Given that gouty nephropathy is almost always accompanied by oxalemia (A.P. Gorlenko, 1982), it is not recommended to use sorrel, spinach, celery, pepper, radish, rutabaga. Drink plenty of water (at least 2 liters per day) – alkaline mineral waters, milk, fruit and vegetable juices. Boiled meat is allowed at 60-100 g 2 times a week; without restrictions – cottage cheese, sour cream, milk, dairy products, eggs, vegetables, fruits, cereals, pasta; from seasonings and spices – vinegar, bay leaf, lemons. A. Kinev (1980) believes that a purine-poor diet is able to reduce uricemia by no more than 0.12 mmol / l, which, however, is quite sufficient for moderate hyperuricemia, and in more severe cases it can limit the use of medications.

Medicines used to treat chronic gout, and therefore gouty nephropathy, are divided into two groups: uricosuric and uricodepressor.
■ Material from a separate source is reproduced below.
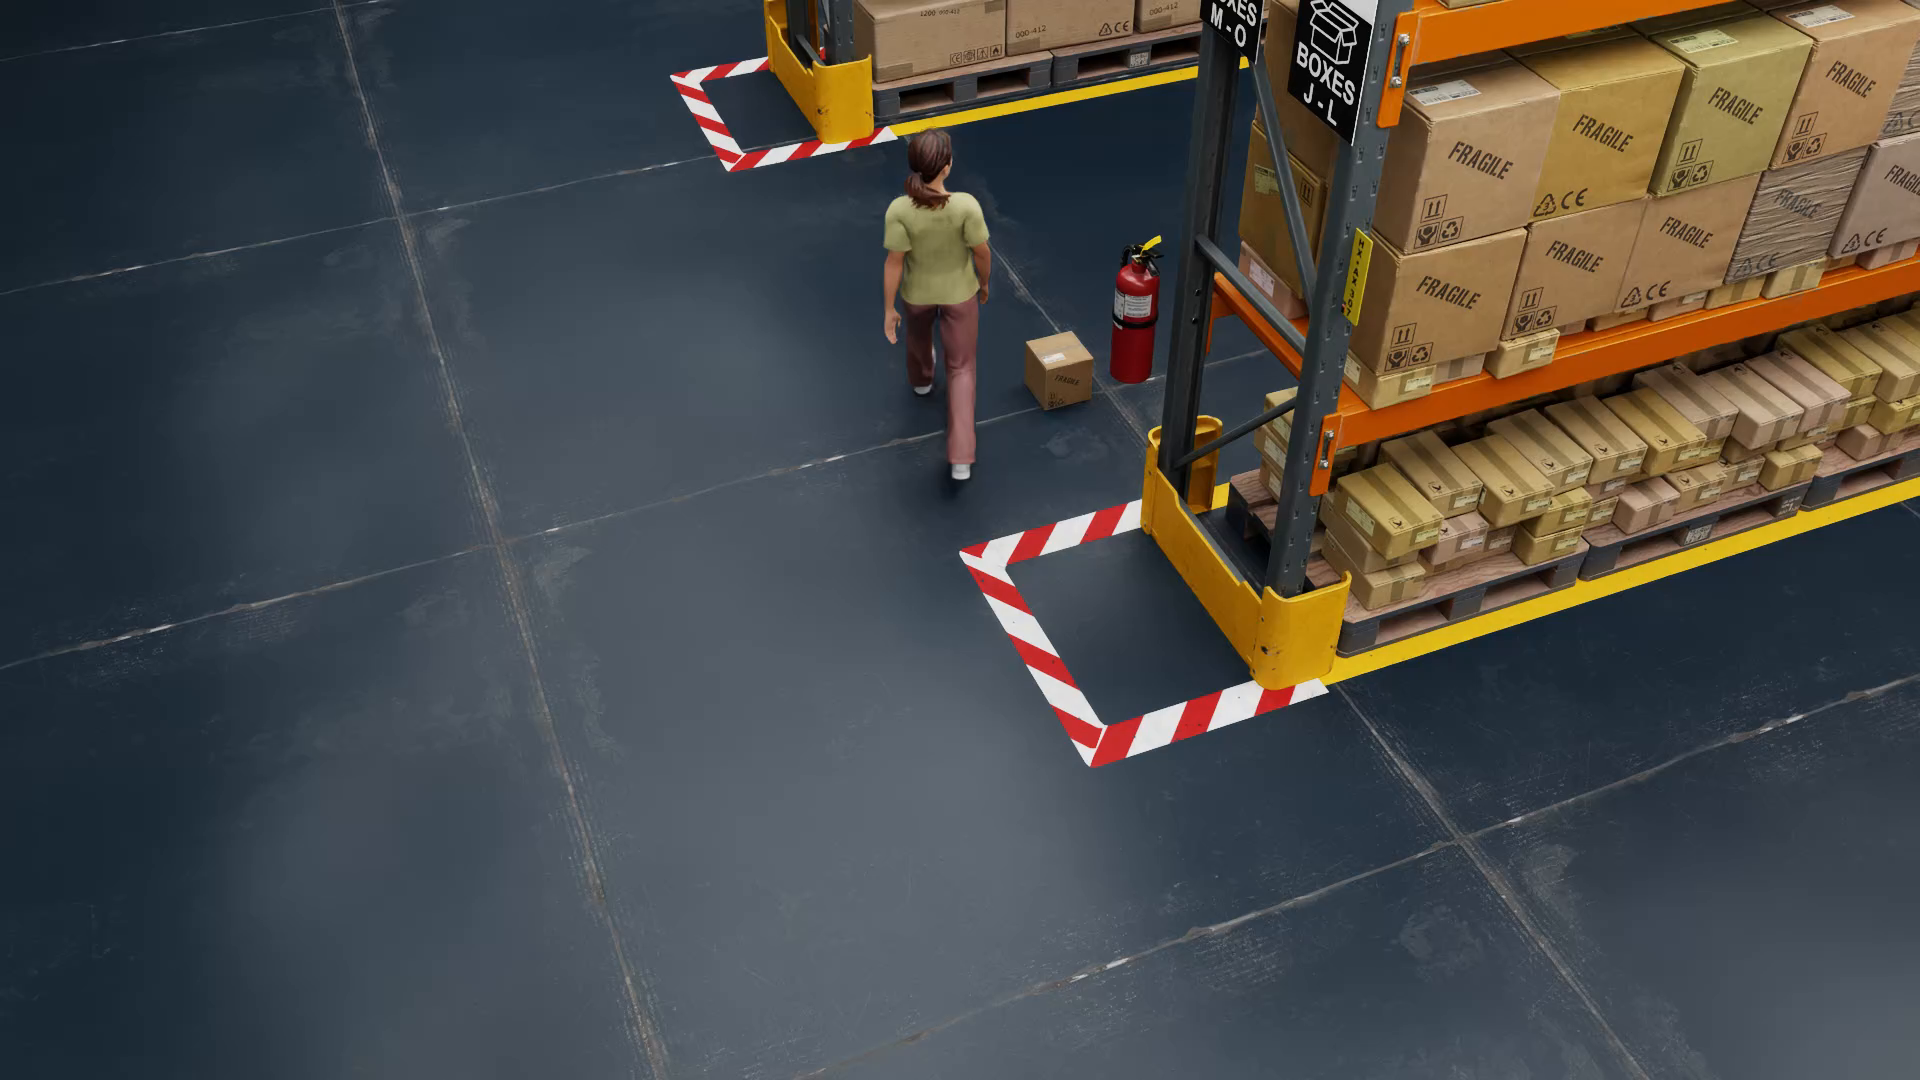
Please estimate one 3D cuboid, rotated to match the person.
[{"bbox_3d":[-0.092,-1.158,7.477,0.464,1.607,1.038,2,42,2],"label":"person"}]

The use of one or the other depends on the degree of uricosuria. If the kidneys excrete less than 600 mg of uric acid per day, gout is regarded mainly as renal and should be treated with uricosuric drugs, and if hyperuricemia is also determined by uricosuria (more than 600 mg per day), then gout is regarded as metabolic and drugs with uricodepressor action.

Uricosuric drugs include ethamide, anturan and their analogues, to uricosuppressive drugs – allopurinol and its analogues, to a much lesser extent – orotic acid. According to V.E. Arkhipov et al. (1980), allopurinol is effective in the treatment of all forms of gout, as it can significantly reduce uricemia and at the same time slightly increase uricosuria. It has the least number of side effects of all drugs and is suitable for long-term treatment, including support. At the beginning of treatment, an ege is prescribed at 0.3-0.6 g per day (depending on the degree of hyperuricemia), then, focusing on a decrease in uricemia (sometimes for years), give maintenance doses (0.1-0.2 g / day).

The use of any drugs that can enhance the excretion of uric acid by the kidneys (especially in large doses) requires constant monitoring of the degree of uricosuria, which should not exceed 1000 mg per day, and daily diuresis should be at least 2 liters. Otherwise, the risk of exacerbation of nephropathy is quite real, since all uricosuric preparations can displace uric acid salts from its deposits in tissues and contribute to the accumulation of free urate in plasma. In chronic renal failure and secondary gout, allopurinol is the drug of choice, its daily dose is 0.1-0.2 g.

Prevention of Kidney Gout

It is necessary to follow a diet with hereditary burden. Prevention of kidney damage in the presence of a history of articular gouty arthritis is reduced to the correct, long-term treatment aimed at normalizing the level of uric acid in the blood.

Patients with gouty nephropathy are subject to a medical examination similar to that for chronic glomerulonephritis, provided that the level of uricemia is determined I every 2-3 months to correct maintenance therapy.